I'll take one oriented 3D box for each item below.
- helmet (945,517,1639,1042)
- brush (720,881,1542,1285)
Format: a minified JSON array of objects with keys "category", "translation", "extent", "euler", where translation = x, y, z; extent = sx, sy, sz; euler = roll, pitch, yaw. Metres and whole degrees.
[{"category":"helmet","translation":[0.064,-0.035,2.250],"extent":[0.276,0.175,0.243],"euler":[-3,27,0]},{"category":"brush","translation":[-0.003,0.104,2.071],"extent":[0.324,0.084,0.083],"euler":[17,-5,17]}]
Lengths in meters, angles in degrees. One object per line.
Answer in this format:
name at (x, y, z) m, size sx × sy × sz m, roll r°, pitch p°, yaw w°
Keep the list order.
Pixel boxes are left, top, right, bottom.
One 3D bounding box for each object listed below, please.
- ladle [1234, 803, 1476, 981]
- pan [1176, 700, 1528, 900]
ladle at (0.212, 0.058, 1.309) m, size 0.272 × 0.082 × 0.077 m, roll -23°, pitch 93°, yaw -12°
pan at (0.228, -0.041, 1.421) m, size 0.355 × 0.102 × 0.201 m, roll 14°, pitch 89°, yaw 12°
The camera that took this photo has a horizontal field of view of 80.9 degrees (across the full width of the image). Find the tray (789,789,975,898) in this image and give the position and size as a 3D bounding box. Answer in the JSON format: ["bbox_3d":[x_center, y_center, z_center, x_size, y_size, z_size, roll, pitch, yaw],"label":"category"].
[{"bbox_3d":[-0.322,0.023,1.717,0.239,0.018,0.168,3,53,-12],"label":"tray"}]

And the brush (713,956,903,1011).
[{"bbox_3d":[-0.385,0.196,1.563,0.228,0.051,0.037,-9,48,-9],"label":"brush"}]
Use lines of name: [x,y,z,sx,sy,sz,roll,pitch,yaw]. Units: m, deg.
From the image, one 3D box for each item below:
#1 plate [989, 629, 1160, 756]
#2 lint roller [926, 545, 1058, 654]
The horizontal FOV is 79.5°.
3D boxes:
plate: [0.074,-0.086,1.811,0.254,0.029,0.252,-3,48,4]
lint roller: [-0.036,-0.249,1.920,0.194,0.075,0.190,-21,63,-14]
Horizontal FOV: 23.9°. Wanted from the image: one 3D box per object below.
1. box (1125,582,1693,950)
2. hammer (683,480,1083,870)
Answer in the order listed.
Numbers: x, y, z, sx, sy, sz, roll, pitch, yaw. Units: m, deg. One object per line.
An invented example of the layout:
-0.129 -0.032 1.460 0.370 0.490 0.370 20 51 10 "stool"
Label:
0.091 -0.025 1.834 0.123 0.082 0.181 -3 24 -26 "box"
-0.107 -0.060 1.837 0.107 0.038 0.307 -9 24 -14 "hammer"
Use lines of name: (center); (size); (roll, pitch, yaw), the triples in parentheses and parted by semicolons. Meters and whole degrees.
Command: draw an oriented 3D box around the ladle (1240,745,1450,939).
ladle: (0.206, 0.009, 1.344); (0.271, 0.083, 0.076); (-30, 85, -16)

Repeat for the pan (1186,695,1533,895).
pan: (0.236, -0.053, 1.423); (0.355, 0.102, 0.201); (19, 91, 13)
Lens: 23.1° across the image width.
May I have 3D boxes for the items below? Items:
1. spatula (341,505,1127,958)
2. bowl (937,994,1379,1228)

____________

Required work: Search the entries above for "name". Return every line that has it.

Expected output:
name at (x, y, z) m, size sx × sy × sz m, roll r°, pitch p°, yaw w°
Use lines of name: [x,y,z,sx,sy,sz,roll,pitch,yaw]. Units: m, deg.
Use lines of name: (center); (size); (roll, pitch, yaw), the triples in parentheses and parted by semicolons. Meters and whole degrees.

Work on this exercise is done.